A 2000 study called “Trading is Hazardous to Your Wealth: The Common Stock Investment Performance of Individual Investors” evaluated 66,465 U.S. households that held stocks from 1991 to 1996. The households that traded most averaged an 11.4% annual return during a period where the overall market gained 17.9%. These lower returns were attributed to overconfidence.

A 2014 paper (revised 2019) titled “Learning Fast or Slow?” analyzed the complete transaction history of the Taiwan Stock Exchange between 1992 and 2006. It looked at the ongoing performance of day traders in this sample, and found that 97% of day traders can expect to lose money from trading, and more than 90% of all day trading volume can be traced to investors who predictably lose money.
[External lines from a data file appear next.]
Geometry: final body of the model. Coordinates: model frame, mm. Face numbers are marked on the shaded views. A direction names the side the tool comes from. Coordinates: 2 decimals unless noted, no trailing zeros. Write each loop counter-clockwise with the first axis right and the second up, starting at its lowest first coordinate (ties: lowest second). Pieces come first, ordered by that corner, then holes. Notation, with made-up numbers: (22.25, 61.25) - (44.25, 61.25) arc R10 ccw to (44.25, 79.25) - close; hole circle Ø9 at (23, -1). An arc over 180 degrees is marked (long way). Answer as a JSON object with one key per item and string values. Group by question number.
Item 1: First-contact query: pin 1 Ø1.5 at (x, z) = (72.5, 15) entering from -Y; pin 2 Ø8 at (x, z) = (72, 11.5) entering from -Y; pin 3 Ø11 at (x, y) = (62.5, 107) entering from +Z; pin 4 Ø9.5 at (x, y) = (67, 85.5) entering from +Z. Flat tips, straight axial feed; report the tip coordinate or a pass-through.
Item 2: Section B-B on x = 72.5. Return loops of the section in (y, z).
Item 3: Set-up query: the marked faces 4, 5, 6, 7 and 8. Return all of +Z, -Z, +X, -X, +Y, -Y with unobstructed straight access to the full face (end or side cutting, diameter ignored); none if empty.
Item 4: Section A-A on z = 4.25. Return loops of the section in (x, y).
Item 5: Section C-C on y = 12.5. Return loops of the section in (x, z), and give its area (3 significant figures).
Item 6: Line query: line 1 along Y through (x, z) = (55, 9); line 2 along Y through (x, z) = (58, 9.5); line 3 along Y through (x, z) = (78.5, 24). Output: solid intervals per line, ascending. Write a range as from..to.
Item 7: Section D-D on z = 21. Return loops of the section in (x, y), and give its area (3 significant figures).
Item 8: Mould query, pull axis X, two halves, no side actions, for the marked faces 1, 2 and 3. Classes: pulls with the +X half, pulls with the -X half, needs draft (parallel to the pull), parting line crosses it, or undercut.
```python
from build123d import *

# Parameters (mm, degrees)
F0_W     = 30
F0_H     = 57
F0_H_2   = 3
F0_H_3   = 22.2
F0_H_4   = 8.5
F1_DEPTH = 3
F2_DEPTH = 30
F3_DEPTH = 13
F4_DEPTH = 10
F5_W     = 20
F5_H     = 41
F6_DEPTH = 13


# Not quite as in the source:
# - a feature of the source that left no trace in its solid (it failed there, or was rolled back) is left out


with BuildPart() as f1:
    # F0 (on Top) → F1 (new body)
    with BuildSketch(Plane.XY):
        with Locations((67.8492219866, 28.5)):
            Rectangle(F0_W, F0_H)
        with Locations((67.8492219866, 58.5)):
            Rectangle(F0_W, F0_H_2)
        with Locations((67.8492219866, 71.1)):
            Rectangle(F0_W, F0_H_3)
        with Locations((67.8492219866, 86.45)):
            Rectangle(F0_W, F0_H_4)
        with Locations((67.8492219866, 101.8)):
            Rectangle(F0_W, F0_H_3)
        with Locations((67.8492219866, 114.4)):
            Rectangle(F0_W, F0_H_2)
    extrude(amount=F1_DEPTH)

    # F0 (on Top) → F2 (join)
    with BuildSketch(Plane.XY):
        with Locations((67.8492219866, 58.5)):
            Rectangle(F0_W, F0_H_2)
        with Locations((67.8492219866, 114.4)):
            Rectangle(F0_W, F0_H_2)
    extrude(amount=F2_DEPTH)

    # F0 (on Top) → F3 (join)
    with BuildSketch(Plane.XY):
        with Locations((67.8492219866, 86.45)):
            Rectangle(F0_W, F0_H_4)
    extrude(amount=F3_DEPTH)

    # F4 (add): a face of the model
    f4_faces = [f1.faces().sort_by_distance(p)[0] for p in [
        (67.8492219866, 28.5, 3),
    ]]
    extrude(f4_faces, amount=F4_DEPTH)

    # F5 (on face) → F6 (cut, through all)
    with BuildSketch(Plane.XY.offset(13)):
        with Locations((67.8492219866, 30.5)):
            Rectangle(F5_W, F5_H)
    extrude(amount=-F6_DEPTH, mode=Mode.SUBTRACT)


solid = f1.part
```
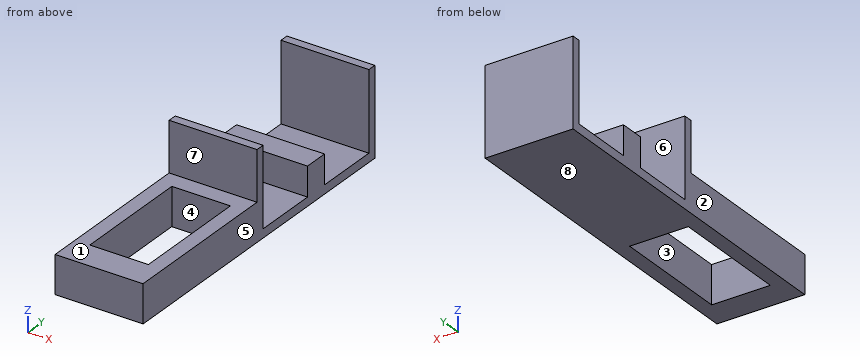
Checks:
{
 "1": {"pin 1": "y = 57", "pin 2": "y = 0", "pin 3": "z = 3", "pin 4": "z = 13"},
 "2": {"outline": "(0, 0) - (10, 0) - (10, 13) - (0, 13) - close; (51, 0) - (115.9, 0) - (115.9, 30) - (112.9, 30) - (112.9, 3) - (90.7, 3) - (90.7, 13) - (82.2, 13) - (82.2, 3) - (60, 3) - (60, 30) - (57, 30) - (57, 13) - (51, 13) - close"},
 "3": {"face 4": "+Z, -Z", "face 5": "+Z, -Z, +X, +Y, -Y", "face 6": "+Z, +X, -X", "face 7": "+Z, +X, -X, -Y", "face 8": "-Z, +X, -X, +Y, -Y"},
 "4": {"outline": "(52.85, 0) - (82.85, 0) - (82.85, 60) - (52.85, 60) - close; (52.85, 82.2) - (82.85, 82.2) - (82.85, 90.7) - (52.85, 90.7) - close; (52.85, 112.9) - (82.85, 112.9) - (82.85, 115.9) - (52.85, 115.9) - close; hole (57.85, 10) - (77.85, 10) - (77.85, 51) - (57.85, 51) - close"},
 "5": {"outline": "(52.85, 0) - (57.85, 0) - (57.85, 13) - (52.85, 13) - close; (77.85, 0) - (82.85, 0) - (82.85, 13) - (77.85, 13) - close", "area": "130 mm^2"},
 "6": {"line 1": "0..60, 82.2..90.7, 112.9..115.9", "line 2": "0..10, 51..60, 82.2..90.7, 112.9..115.9", "line 3": "57..60, 112.9..115.9"},
 "7": {"outline": "(52.85, 57) - (82.85, 57) - (82.85, 60) - (52.85, 60) - close; (52.85, 112.9) - (82.85, 112.9) - (82.85, 115.9) - (52.85, 115.9) - close", "area": "180 mm^2"},
 "8": {"face 1": "needs draft", "face 2": "pulls with the -X half", "face 3": "undercut"}
}

Additionally, it tied the behavior of gamblers and drivers who get more speeding tickets to overtrading, and cited studies showing that legalized gambling has an inverse effect on trading volume.

A 2019 research study (revised 2020) called “Day Trading for a Living?” observed 19,646 Brazilian futures contract traders who started day trading from 2013 to 2015, and recorded two years of their trading activity. The study authors found that 97% of traders with more than 300 days actively trading lost money, and only 1.1% earned more than the Brazilian minimum wage ($16 USD per day). They hypothesized that the greater returns shown in previous studies did not differentiate between frequent day traders and those who traded rarely, and that more frequent trading activity decreases the chance of profitability.

These studies show the wide variance of the available data on day trading profitability. One thing that seems clear from the research is that most day traders lose money .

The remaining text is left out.